Figure 14b shows that when the proppant embedding is considered, the impact on flowback is negligible because water recovery mainly occurs in the early stage of production (flowback) when the main mechanism of fracture closure is compaction. Cumulative oil production is lower when the embedment occurs, and smaller proppant size results in greater loss of production. Furthermore, compared with the embedment in HF, there is greater impact of embedment in NF on oil production. Therefore, it is beneficial to use small size proppant to promote the propping of micro-fractures, but it is also necessary to examine its embedment in micro-fractures.
3.4. Impact of Natural Fracture Heterogeneity
Natural fractures opened during fracturing cannot be uniform, and in the subsequent flowback or production process, excessive closure of some positions may be a key mechanism of water retention. As shown in
Figure 15, NF width is generally non-uniform [
7,
50].
In this work, the heterogeneity of NF conductivity is studied using the Yu et al. [
71] approach to describe heterogeneous distribution of matrix permeability. Three variation coefficients of permeability are used to represent weak heterogeneity, medium homogeneity, and strong heterogeneity, as shown in
Figure 16. Other model parameters and simulation processes are the same as the basic case.
Figure 17 illustrates that, after one year of production, the amount of fracturing fluid remaining in reservoirs increases with the increase of heterogeneity of NF permeability.
Figure 18a shows that the flowback rate decreases with the increase of heterogeneity, in which the rate of strong heterogeneity is 11.2% lower than that of homogeneity. For weak homogeneity, the water recovery efficiency is close to that of homogeneous natural fracture.
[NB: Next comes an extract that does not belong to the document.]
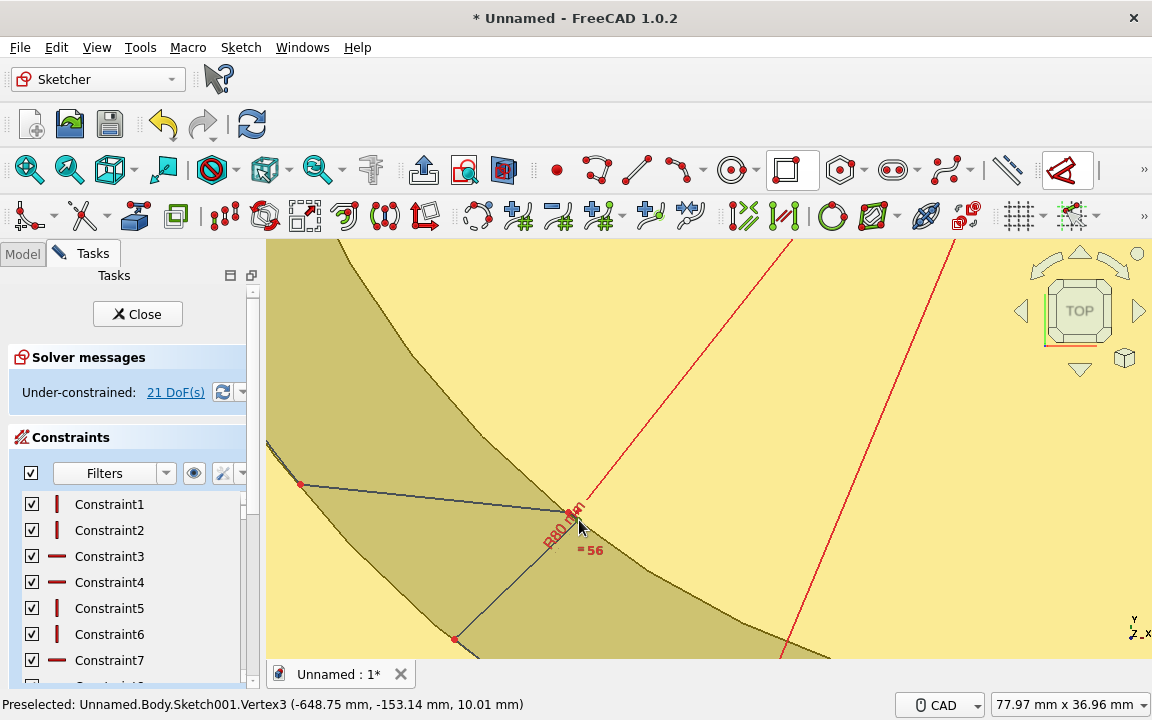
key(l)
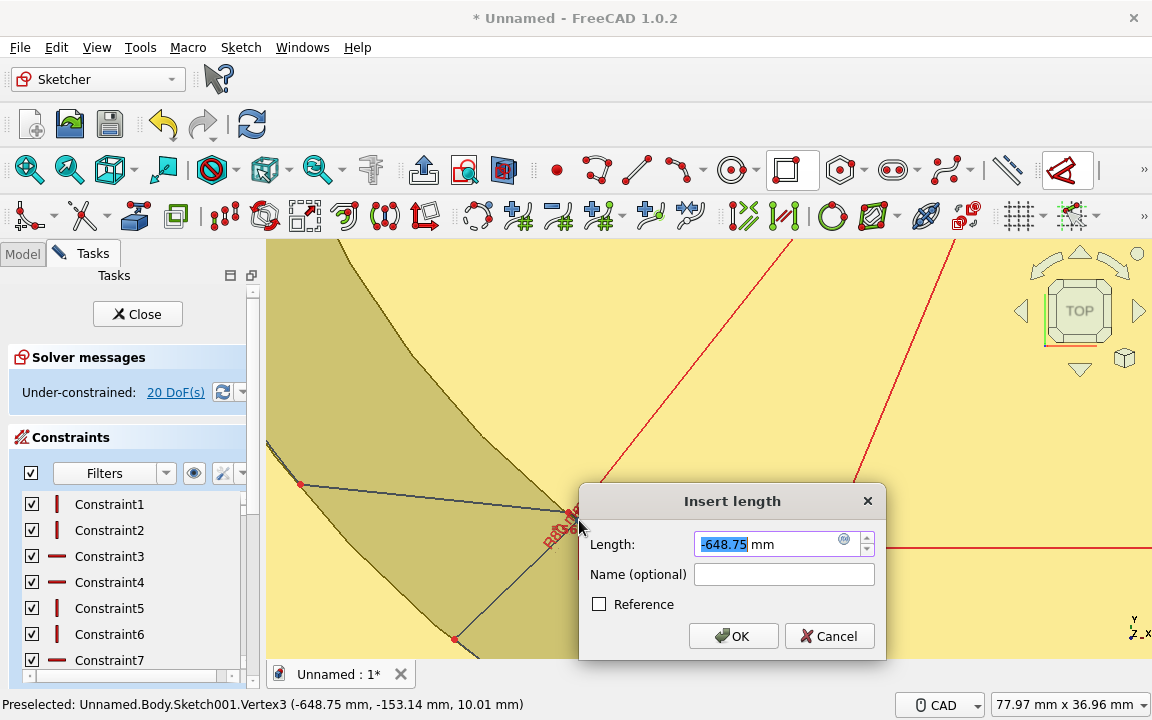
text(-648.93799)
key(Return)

Figure 18b shows that the closed natural fracture area still maintains high water saturation during production when there is strong heterogeneity. In addition, the heterogeneity of NF conductivity is 0.1%, 1.5%, and 4.1% less effective for oil production, compared with homogeneity. The reason is that high conductivity is not required for natural fractures in tight reservoirs, and apart from over-closed areas, connected fracture networks are still contributing to productivity.